Entretanto, naturalmente o ambiente tropical é capaz de gerar desconforto pela
grande quantidade de calor, intensificado pelo crescimento das cidades. Sendo assim, as
modificações feitas no ambiente urbano, às características das construções,
impermeabilização do solo, retirada da cobertura vegetal arbórea, provenientes da ação
antrópica dentre outros fatores, interferem diretamente nos índices de radiação solar
incidente, refletância e de inércia térmica dos materiais, culminando na geração da ilha
de calor.
Pode-se observar que de fato a cidade de Jales/SP sofre com a formação de ilhas
de calor, uma vez que a diminuição ou perda da vegetação urbana, juntamente com a
industrialização e urbanização, acarreta na perda da qualidade da qualidade ambiental e
aumento do desconforto térmico intraurbano.

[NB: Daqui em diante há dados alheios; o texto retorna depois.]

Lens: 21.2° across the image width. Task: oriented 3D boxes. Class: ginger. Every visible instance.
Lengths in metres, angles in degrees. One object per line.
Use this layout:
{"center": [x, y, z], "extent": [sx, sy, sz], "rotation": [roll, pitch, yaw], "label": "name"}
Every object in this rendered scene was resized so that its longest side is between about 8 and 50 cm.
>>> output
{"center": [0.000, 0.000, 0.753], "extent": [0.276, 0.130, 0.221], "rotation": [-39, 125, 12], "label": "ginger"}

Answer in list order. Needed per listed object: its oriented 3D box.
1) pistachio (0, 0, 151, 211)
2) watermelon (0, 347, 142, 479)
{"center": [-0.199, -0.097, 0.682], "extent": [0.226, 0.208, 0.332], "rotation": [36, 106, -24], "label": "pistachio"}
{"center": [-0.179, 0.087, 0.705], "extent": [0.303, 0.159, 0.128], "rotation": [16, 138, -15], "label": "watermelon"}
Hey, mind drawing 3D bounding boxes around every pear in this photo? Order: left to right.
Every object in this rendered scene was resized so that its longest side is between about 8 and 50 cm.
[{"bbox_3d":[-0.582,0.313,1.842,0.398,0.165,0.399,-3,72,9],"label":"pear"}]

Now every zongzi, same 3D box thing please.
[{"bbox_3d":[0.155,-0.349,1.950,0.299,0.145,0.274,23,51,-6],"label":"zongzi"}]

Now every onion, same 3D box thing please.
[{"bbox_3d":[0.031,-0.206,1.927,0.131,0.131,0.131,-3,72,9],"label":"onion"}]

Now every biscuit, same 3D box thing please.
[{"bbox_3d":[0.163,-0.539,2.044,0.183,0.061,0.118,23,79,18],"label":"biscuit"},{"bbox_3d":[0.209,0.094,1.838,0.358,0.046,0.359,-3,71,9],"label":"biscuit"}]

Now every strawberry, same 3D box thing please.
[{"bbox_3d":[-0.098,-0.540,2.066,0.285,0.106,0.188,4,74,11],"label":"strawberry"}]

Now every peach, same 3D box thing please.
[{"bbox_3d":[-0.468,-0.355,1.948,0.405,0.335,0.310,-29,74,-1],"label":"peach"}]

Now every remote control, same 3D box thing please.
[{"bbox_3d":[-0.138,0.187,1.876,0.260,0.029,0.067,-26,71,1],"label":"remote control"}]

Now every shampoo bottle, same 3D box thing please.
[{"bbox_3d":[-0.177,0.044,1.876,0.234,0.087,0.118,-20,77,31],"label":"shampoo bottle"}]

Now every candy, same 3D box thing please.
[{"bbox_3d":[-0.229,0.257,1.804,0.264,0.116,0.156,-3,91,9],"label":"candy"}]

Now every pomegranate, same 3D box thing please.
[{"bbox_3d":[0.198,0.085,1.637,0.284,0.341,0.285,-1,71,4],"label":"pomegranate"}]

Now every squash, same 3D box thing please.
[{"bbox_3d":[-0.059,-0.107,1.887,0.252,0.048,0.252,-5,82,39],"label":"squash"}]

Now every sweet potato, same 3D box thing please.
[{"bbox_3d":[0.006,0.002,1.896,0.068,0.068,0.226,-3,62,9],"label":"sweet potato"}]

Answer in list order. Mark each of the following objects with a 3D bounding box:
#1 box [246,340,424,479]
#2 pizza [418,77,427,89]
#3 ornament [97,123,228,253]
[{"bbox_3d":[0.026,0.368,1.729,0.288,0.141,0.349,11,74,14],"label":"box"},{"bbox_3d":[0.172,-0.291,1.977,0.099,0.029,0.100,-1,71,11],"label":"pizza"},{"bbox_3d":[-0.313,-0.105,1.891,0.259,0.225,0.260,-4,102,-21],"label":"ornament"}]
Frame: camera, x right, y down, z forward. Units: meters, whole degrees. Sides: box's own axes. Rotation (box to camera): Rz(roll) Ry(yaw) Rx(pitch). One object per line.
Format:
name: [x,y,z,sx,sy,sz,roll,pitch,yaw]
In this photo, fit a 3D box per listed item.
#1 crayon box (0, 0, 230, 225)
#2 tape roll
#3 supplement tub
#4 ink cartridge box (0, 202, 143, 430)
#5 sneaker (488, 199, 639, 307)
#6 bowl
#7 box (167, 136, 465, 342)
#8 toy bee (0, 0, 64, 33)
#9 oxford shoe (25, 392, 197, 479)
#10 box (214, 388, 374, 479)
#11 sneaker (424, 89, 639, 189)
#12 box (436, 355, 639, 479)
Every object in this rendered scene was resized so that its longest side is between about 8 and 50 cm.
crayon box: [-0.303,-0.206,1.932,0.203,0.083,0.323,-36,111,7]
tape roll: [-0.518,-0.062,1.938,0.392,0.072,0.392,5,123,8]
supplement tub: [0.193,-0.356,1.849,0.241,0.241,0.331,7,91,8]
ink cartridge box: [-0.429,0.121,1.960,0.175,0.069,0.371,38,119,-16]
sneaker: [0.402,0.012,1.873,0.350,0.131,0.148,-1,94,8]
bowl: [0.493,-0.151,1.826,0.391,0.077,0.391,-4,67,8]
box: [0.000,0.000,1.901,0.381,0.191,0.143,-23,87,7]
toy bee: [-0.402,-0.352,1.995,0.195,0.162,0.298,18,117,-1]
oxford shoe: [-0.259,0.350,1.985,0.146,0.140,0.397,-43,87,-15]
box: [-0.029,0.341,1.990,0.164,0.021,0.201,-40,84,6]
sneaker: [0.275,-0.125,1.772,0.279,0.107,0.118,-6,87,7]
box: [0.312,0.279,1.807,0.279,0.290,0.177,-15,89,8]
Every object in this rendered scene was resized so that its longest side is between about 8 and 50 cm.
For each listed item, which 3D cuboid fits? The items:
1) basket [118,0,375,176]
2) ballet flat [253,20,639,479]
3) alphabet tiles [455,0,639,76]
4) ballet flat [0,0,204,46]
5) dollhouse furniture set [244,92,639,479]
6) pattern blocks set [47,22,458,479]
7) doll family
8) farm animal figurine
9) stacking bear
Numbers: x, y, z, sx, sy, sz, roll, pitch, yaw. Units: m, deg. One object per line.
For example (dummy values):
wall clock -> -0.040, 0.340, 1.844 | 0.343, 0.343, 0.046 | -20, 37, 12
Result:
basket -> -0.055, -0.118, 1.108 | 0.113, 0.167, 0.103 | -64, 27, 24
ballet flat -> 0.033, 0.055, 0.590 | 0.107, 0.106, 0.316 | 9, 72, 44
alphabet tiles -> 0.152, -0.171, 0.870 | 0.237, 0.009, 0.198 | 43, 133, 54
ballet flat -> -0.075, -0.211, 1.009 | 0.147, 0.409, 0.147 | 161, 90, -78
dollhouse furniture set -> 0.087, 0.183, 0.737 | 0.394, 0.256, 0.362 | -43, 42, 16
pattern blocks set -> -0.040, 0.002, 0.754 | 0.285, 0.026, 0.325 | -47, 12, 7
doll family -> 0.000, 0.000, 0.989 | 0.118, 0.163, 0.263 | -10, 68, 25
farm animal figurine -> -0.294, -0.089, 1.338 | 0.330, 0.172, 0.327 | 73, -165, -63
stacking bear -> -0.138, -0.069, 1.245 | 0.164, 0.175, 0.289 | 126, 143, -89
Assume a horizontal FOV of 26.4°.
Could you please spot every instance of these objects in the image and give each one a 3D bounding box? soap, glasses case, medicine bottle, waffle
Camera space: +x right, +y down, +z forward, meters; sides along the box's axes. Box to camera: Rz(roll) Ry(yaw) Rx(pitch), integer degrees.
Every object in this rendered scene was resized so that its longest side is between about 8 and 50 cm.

Neste sentido, torna-se necessário não só a implementação, mas também a
preservação das áreas verdes existentes no ambiente urbano, criando assim condições
para minimizar os impactos causados pelo processo de urbanização. Os espaços livres
de edificações, as praças arborizadas e a presença de cobertura vegetal de grande porte
nas vias de circulação são importantes para amenizar os efeitos das ilhas de calor.